Critical Pedagogy and Race
Title | Critical Pedagogy and Race PDF eBook |
Author | Zeus Leonardo |
Publisher | John Wiley & Sons |
Pages | 240 |
Release | 2009-02-09 |
Genre | Philosophy |
ISBN | 1405151064 |
Critical Pedagogy and Race argues that a rigorous engagement with race is a priority for educators concerned with equality in schools and in society. A landmark collection arguing that engaging with race at both conceptual and practical levels is a priority for educators. Builds a stronger engagement of race-based analysis in the field of critical pedagogy. Brings together a melange of theories on race, such as Afro-centric, Latino-based, and postcolonial perspectives. Includes historical studies, and social justice ideas on activism in education. Questions popular concepts, such as white privilege, color-blind perspectives, and race-neutral pedagogies.

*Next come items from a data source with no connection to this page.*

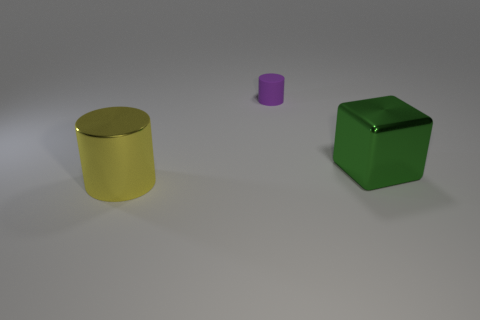The rubber cylinder is what size?
Offer a terse response. Small. How many large green shiny blocks are in front of the matte thing?
Your answer should be compact. 1. What shape is the big green object that is the same material as the big yellow object?
Make the answer very short. Cube. Is the number of green shiny cubes that are in front of the big yellow cylinder less than the number of large yellow metal things that are left of the purple rubber cylinder?
Give a very brief answer. Yes. Is the number of large blue rubber cubes greater than the number of yellow metallic cylinders?
Ensure brevity in your answer.  No. What is the material of the green block?
Your response must be concise. Metal. What is the color of the metal object right of the purple rubber thing?
Ensure brevity in your answer.  Green. Is the number of green metal cubes left of the matte cylinder greater than the number of large green blocks to the right of the green metallic cube?
Provide a short and direct response. No. What size is the thing that is on the right side of the cylinder that is behind the big metallic object behind the big cylinder?
Offer a very short reply. Large. Are there any other small cylinders that have the same color as the small matte cylinder?
Offer a very short reply. No. 
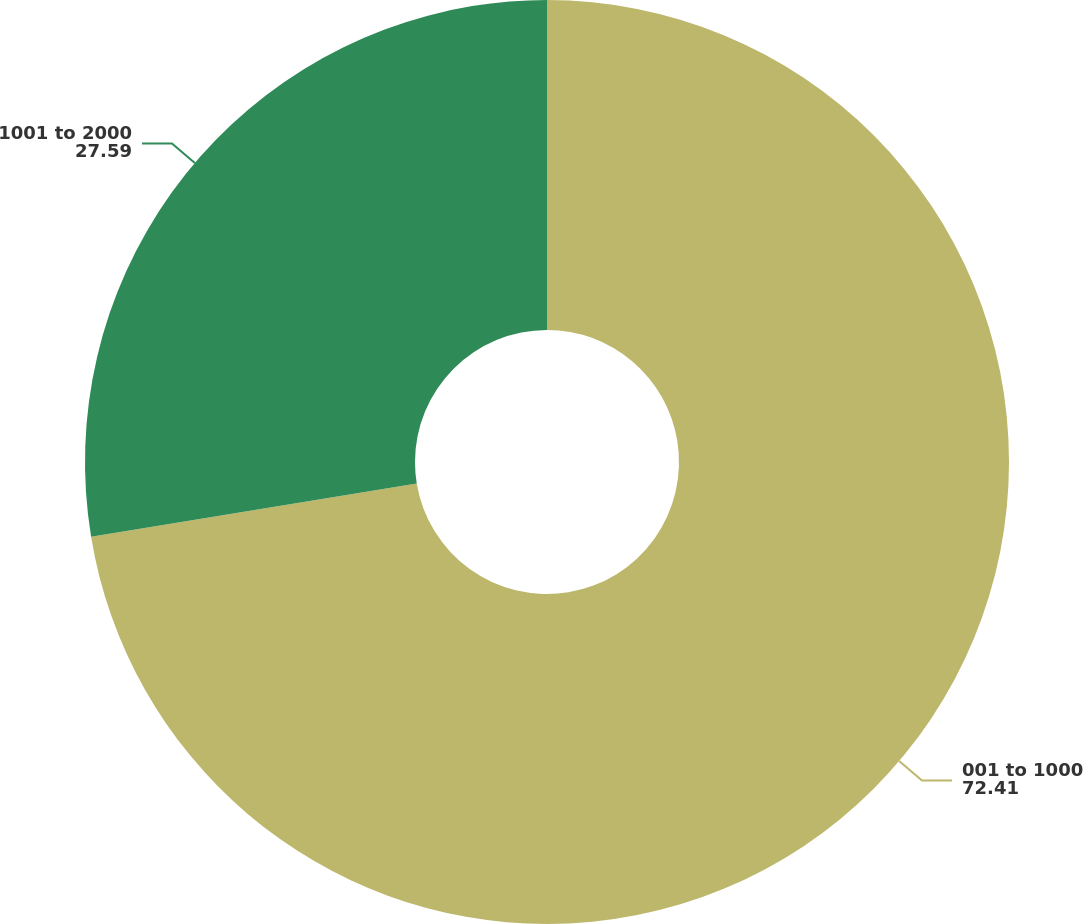Convert chart. <chart><loc_0><loc_0><loc_500><loc_500><pie_chart><fcel>001 to 1000<fcel>1001 to 2000<nl><fcel>72.41%<fcel>27.59%<nl></chart>

Race, Politics, and Pandemic Pedagogy
Title | Race, Politics, and Pandemic Pedagogy PDF eBook |
Author | Henry A. Giroux |
Publisher | Bloomsbury Publishing |
Pages | 296 |
Release | 2021-01-14 |
Genre | Education |
ISBN | 1350184446 |
In this book Henry A. Giroux passionately argues that education and critical pedagogy are needed now more than ever to combat injustices in our society caused by fake news, toxic masculinity, racism, consumerism and white nationalism. At the heart of the book is the idea that pedagogy has the power to create narratives of desire, values, identity, and agency at time when these narratives are being manipulated to promote right wing populism and emerging global fascist politics. The book expands on the notion of the plague as not only a medical crisis but also a crisis of politics, ethics, education, and democracy itself. The chapters cover a range topics beginning with historical perspectives on fascism and moving on to issues of social atomization, depoliticization, neoliberal pedagogy, the scourge of staggering inequality, populism, and pandemic pedagogy. The book concludes with a call for educators to make education central to politics, develop a discourse of critique and possibility, reclaim the vision of a radical democracy, and embrace their role as powerful agents of change.
Whiteness, Pedagogy, Performance
Title | Whiteness, Pedagogy, Performance PDF eBook |
Author | Leda M. Cooks |
Publisher | Lexington Books |
Pages | 344 |
Release | 2007 |
Genre | Education |
ISBN | 9780739114629 |
Whiteness, Pedagogy, Performance is unique in bringing together these three important topics in the context of communication teaching and scholarship with an eye toward interdisciplinary perspectives. In fourteen chapters, the leading whiteness scholars in the field of communication analyze the process of teaching and learning and the complicated intersections of whiteness, racial identity, and cross-racial dialogue.